**Task to carry out**
Check each line of the material that follows, and copy those holding the string "major".
──────── Exercise input
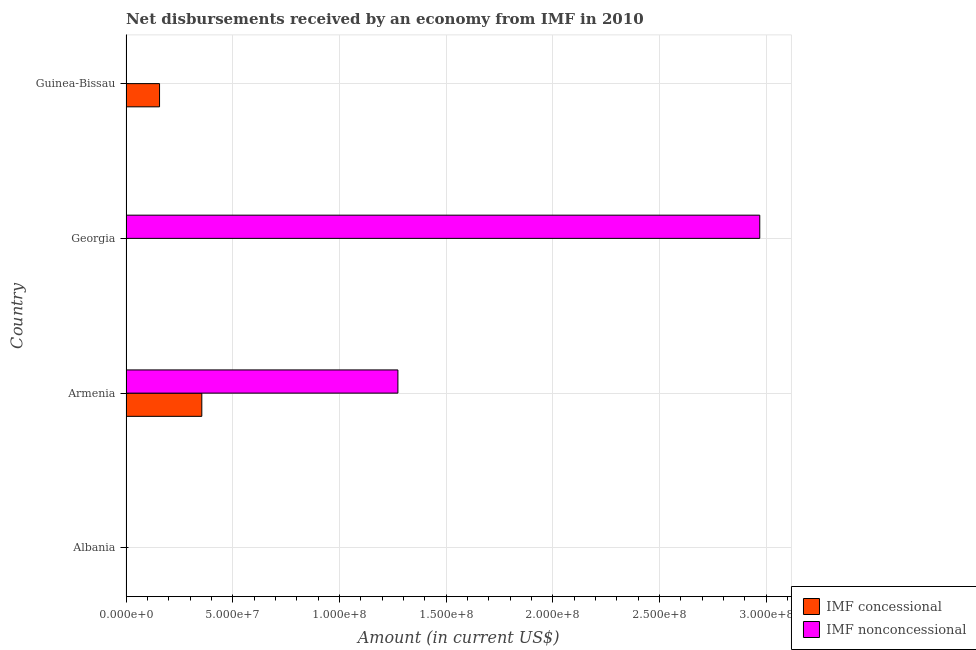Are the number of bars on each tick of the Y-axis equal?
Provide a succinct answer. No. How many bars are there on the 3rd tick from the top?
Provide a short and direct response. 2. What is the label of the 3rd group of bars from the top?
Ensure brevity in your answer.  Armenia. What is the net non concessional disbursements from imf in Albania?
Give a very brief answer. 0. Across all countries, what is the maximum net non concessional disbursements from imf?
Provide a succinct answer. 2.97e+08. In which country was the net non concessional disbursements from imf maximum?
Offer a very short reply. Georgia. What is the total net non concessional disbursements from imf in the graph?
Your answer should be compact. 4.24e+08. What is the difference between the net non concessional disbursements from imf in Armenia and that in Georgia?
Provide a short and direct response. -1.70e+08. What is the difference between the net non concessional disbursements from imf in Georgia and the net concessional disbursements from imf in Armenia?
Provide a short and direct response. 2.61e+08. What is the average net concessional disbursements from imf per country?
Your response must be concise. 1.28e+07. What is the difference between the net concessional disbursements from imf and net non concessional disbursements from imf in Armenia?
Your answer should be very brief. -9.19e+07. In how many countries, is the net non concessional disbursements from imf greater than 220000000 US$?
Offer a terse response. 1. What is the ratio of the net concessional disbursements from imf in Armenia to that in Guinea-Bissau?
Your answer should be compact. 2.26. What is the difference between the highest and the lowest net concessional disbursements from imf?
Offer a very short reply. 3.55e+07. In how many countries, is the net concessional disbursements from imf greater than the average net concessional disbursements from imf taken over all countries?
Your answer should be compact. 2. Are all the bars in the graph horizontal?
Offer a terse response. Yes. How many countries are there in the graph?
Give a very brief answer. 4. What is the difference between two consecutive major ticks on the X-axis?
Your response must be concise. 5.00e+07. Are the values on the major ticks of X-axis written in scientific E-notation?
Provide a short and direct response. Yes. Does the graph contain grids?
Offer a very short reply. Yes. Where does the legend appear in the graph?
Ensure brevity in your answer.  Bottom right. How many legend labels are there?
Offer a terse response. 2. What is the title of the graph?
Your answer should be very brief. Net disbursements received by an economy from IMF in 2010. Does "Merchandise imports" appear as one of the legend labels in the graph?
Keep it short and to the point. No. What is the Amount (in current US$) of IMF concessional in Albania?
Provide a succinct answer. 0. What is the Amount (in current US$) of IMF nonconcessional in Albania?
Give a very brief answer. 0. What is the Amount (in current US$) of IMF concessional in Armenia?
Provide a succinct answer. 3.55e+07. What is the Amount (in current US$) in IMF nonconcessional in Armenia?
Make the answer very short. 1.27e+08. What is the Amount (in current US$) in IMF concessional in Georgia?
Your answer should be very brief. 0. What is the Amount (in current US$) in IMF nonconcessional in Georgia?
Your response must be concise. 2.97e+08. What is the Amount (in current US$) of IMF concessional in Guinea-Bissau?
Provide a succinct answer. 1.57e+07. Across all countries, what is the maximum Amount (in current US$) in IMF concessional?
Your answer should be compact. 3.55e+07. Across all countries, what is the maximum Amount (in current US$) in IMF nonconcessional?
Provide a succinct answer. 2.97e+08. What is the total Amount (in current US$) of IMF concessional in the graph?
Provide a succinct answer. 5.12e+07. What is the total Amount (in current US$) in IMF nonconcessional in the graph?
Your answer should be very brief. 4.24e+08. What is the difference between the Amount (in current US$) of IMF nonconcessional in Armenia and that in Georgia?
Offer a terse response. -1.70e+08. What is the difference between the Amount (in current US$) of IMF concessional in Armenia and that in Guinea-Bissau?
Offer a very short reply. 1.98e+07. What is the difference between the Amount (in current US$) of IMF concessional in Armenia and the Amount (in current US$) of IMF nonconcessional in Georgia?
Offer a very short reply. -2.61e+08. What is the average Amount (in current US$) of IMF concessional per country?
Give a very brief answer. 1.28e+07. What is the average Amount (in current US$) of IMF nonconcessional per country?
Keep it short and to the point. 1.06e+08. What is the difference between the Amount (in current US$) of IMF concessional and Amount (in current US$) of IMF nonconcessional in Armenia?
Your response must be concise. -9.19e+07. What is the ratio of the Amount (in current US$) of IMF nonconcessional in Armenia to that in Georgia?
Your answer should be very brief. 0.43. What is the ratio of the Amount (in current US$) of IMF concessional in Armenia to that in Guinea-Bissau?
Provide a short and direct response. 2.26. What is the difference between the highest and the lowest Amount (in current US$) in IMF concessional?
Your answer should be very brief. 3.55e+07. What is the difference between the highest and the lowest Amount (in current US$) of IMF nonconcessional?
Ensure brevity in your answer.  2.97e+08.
────────────────
**Response area**
Give a very brief answer. 4. What is the difference between two consecutive major ticks on the X-axis?
Your response must be concise. 5.00e+07. Are the values on the major ticks of X-axis written in scientific E-notation?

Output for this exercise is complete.